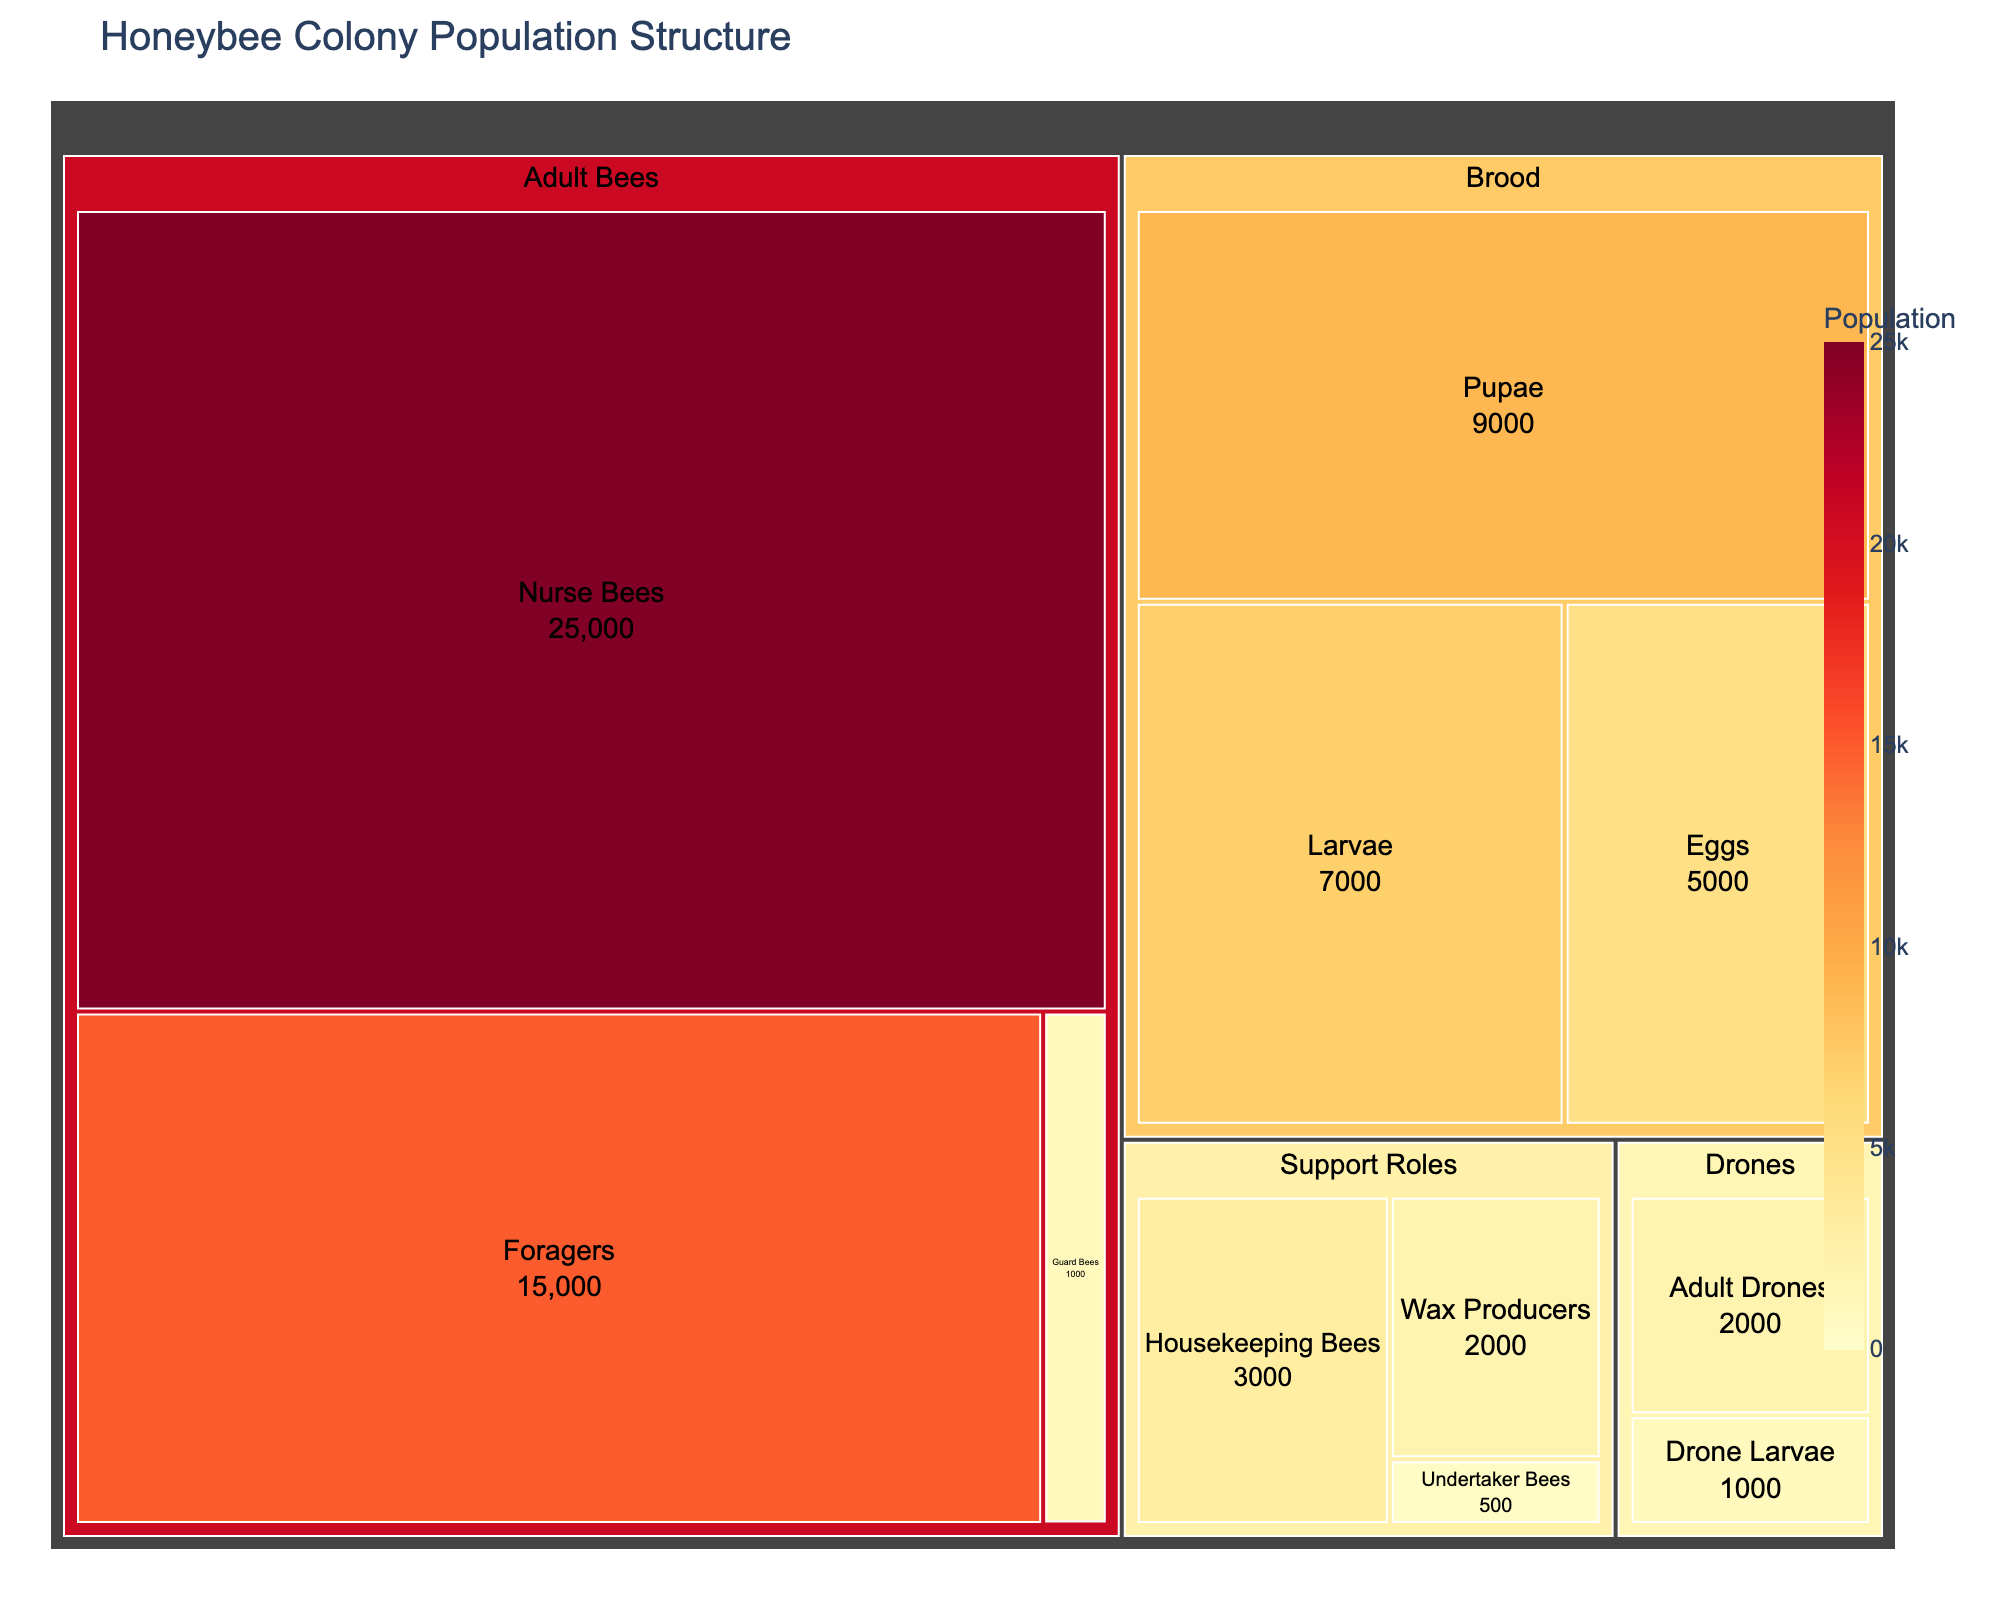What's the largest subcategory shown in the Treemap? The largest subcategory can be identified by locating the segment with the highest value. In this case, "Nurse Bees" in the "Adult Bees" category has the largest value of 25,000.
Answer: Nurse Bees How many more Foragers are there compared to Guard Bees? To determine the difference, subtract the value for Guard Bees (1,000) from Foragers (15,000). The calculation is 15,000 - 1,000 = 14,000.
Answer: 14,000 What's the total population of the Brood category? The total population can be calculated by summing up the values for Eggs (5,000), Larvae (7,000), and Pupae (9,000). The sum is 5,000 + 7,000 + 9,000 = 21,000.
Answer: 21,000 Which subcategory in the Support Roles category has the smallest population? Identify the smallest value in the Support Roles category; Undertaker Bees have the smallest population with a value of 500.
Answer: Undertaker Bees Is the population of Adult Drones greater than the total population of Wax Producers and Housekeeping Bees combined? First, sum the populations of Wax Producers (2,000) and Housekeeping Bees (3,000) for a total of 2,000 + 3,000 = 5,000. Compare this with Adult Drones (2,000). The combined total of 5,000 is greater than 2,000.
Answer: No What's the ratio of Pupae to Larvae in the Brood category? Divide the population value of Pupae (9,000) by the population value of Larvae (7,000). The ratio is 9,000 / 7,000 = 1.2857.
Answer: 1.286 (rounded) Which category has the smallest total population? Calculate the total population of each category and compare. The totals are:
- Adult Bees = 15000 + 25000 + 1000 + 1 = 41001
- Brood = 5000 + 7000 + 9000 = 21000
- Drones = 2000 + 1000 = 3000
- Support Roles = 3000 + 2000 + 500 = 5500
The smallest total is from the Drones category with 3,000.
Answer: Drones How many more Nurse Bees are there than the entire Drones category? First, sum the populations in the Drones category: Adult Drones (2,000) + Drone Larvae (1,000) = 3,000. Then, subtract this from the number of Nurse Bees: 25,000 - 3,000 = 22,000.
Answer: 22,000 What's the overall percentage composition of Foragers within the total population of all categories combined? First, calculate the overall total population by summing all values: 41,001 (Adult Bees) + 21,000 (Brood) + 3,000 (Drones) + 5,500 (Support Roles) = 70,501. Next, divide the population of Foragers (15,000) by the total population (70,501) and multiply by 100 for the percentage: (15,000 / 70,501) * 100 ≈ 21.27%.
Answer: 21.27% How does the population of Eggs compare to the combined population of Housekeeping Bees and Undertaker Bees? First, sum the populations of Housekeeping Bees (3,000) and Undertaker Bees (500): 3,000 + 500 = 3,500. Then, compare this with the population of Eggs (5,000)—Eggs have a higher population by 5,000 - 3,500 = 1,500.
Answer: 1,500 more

____

** Task **
Copy nothing past the line containing "Answer: 14,000 What's": reproduce every line from the start of the records up to it, skipping pictures.

** Solution **
What's the largest subcategory shown in the Treemap? The largest subcategory can be identified by locating the segment with the highest value. In this case, "Nurse Bees" in the "Adult Bees" category has the largest value of 25,000.
Answer: Nurse Bees How many more Foragers are there compared to Guard Bees? To determine the difference, subtract the value for Guard Bees (1,000) from Foragers (15,000). The calculation is 15,000 - 1,000 = 14,000.
Answer: 14,000 What's the total population of the Brood category? The total population can be calculated by summing up the values for Eggs (5,000), Larvae (7,000), and Pupae (9,000). The sum is 5,000 + 7,000 + 9,000 = 21,000.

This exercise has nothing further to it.